┌─ SUPPLIED MATERIAL

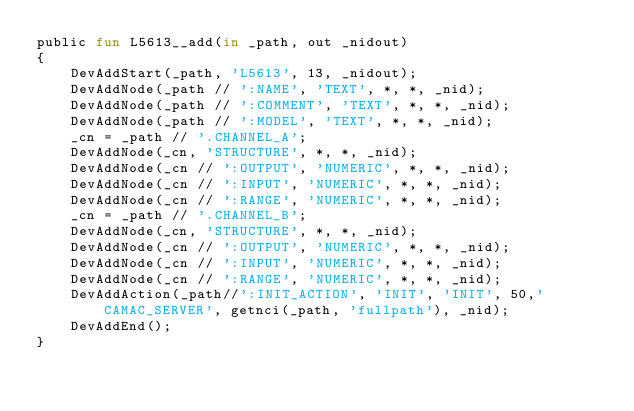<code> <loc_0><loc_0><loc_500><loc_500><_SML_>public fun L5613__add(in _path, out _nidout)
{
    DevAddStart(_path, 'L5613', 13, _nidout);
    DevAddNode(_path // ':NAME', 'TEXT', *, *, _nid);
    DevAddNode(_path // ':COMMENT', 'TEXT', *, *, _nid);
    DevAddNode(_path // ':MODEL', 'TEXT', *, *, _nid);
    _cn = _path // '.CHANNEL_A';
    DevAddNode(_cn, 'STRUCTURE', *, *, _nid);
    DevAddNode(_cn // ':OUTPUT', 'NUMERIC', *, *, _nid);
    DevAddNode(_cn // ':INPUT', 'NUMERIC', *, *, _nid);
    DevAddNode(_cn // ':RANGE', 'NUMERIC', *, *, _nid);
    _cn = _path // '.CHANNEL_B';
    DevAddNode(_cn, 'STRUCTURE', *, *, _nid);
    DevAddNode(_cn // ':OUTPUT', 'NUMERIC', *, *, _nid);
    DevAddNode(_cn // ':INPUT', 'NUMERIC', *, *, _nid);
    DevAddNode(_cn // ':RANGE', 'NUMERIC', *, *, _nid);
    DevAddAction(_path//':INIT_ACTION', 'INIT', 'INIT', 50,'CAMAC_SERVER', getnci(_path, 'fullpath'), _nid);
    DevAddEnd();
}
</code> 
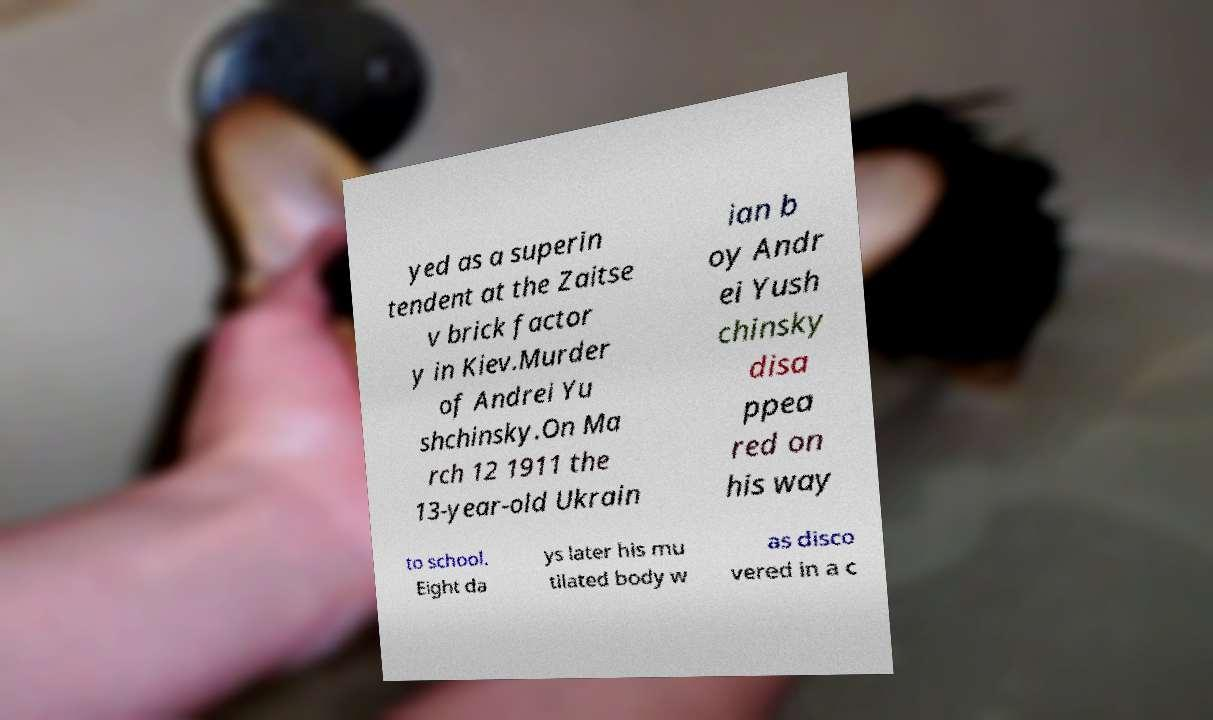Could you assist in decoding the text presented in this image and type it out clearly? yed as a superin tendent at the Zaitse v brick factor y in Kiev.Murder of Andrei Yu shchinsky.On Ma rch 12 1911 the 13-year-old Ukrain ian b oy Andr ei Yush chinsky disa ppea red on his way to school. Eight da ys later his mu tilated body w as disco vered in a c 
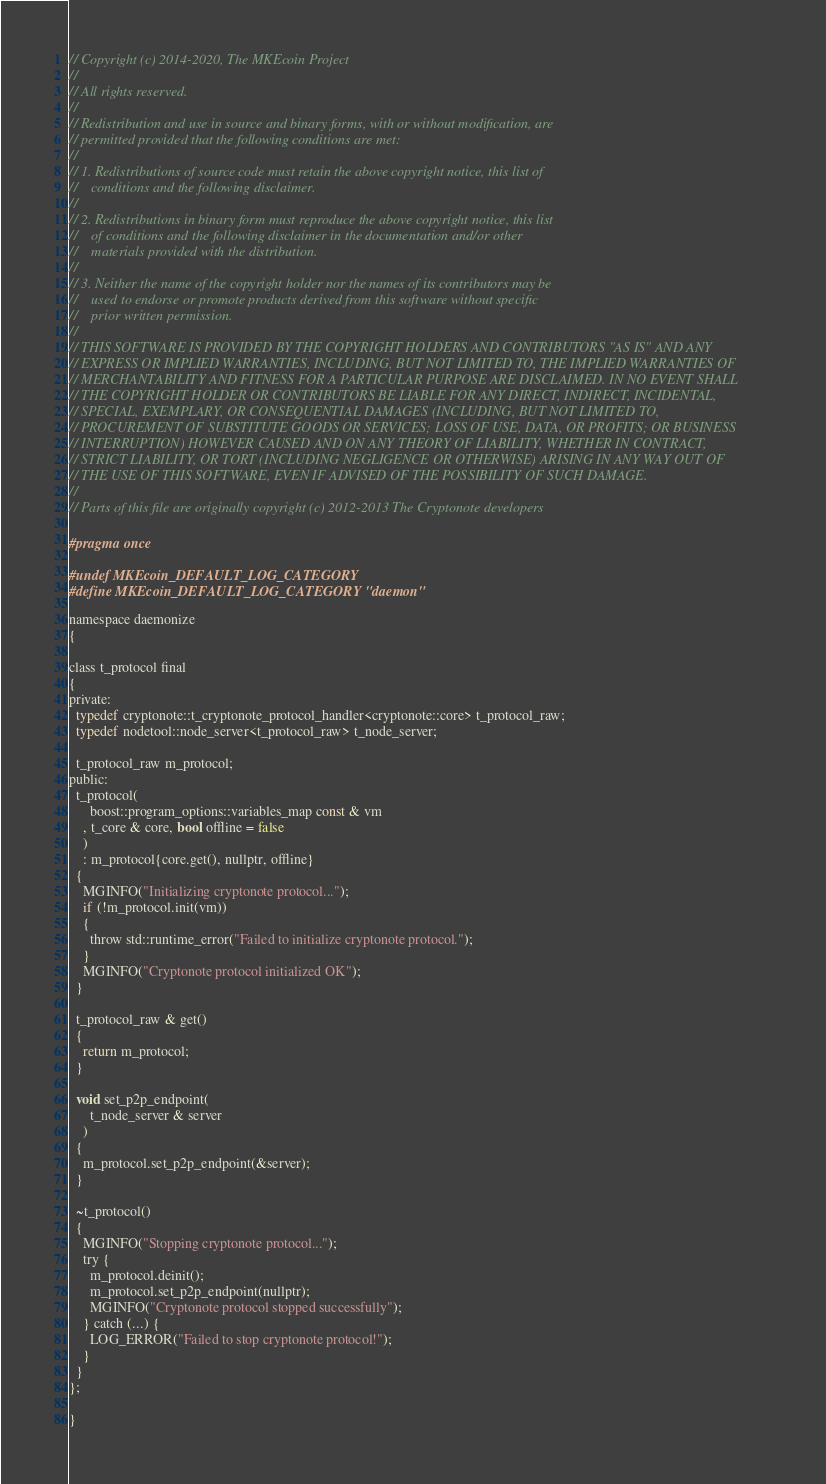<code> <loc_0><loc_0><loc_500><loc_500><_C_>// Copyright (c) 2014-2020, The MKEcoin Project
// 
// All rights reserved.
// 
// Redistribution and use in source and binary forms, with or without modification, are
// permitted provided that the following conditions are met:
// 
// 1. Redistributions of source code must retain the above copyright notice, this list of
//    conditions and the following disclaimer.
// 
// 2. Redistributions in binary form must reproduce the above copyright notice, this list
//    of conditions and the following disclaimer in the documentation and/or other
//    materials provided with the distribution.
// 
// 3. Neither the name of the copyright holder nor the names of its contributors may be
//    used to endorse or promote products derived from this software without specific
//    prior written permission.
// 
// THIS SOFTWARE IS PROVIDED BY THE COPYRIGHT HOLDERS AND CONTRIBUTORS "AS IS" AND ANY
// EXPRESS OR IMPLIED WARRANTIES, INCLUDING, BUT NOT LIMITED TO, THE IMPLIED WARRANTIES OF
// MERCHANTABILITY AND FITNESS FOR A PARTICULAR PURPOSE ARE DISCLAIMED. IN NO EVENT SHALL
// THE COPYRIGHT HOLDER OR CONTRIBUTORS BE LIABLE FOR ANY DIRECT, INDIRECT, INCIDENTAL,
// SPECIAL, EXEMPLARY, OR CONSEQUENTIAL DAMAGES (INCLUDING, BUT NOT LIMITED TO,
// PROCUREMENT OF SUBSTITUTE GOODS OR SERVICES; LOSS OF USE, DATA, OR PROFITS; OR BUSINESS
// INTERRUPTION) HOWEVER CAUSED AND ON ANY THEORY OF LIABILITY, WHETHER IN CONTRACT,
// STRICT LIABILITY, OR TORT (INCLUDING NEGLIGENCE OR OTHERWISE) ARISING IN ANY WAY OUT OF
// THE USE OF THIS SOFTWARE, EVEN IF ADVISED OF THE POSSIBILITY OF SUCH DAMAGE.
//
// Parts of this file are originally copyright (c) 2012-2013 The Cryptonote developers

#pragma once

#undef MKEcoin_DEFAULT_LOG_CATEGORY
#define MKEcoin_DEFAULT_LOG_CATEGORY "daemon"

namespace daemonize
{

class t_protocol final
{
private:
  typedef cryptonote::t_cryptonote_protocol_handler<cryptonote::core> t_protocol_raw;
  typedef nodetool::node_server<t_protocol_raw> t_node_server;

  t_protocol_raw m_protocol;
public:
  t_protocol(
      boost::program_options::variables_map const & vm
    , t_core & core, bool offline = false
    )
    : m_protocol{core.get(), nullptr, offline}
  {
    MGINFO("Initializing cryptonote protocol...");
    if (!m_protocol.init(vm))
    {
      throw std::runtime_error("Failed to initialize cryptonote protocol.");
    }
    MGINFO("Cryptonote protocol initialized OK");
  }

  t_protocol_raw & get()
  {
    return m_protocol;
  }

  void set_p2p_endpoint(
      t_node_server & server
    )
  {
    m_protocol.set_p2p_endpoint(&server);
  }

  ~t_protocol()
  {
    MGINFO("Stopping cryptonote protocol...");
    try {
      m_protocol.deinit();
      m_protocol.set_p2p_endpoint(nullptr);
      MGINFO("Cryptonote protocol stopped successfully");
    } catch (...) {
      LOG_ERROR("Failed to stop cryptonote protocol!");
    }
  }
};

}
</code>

└─
┌─ SUPPLIED MATERIAL

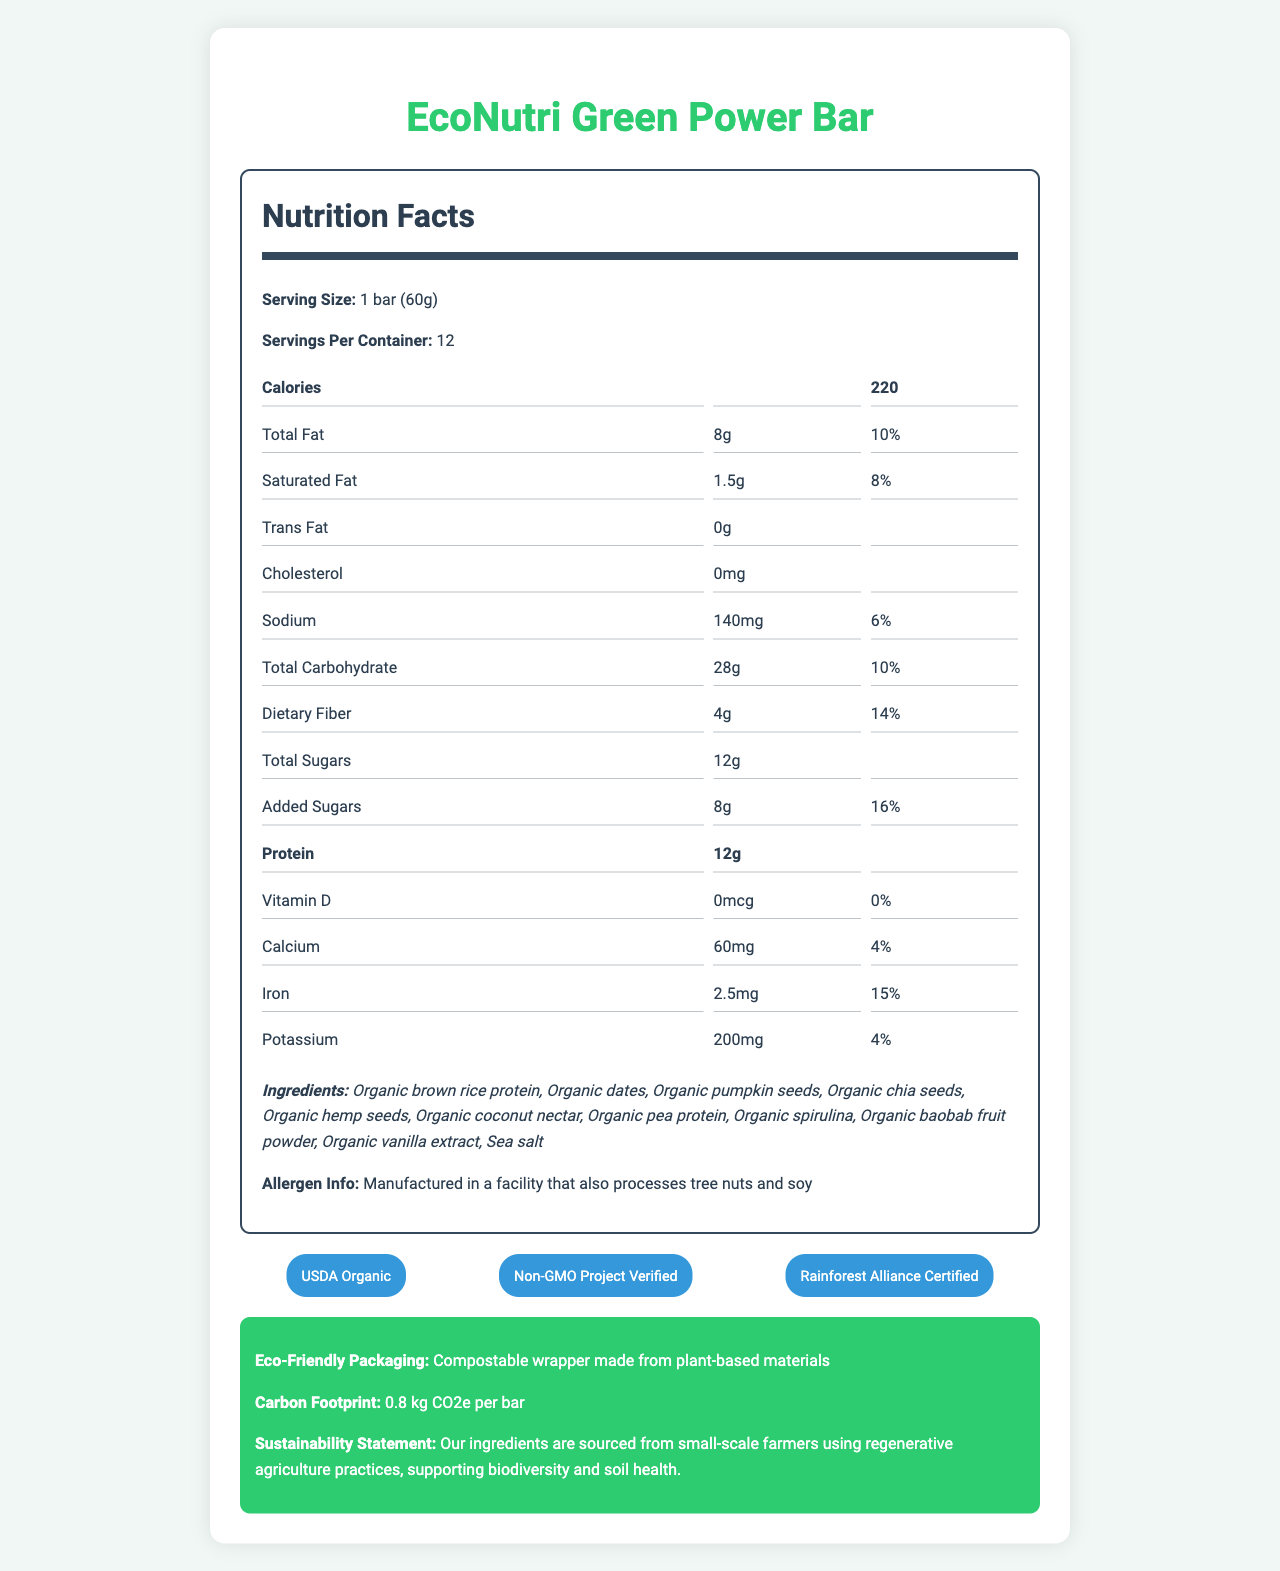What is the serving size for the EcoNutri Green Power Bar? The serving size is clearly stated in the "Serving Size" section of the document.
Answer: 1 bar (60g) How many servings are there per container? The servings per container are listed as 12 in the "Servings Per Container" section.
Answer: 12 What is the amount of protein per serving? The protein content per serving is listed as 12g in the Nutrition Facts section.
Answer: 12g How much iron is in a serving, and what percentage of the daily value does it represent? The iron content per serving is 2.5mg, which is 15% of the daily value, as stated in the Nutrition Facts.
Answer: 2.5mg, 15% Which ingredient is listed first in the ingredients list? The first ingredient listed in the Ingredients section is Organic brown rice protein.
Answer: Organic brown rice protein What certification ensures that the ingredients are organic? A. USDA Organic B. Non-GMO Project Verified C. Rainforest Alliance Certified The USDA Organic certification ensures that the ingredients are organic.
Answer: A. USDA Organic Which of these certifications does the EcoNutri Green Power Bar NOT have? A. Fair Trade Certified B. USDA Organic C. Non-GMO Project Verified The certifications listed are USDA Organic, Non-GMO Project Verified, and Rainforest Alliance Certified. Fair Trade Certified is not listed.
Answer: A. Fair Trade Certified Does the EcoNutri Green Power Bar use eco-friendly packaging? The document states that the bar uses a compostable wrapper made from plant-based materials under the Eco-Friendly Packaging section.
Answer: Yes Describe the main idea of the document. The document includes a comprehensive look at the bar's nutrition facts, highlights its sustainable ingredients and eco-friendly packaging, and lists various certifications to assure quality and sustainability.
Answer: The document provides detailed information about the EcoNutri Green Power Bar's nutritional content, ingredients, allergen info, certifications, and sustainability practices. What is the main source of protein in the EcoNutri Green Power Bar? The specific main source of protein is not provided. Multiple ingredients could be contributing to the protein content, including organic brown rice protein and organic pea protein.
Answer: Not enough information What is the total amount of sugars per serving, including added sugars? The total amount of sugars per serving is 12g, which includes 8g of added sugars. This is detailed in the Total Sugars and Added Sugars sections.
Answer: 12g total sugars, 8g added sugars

└─

▶ [TASK REQUIREMENTS] Say how many lines of the preceding data include the word "without". The number is the whole answer.

▶ [RESPONSE] 2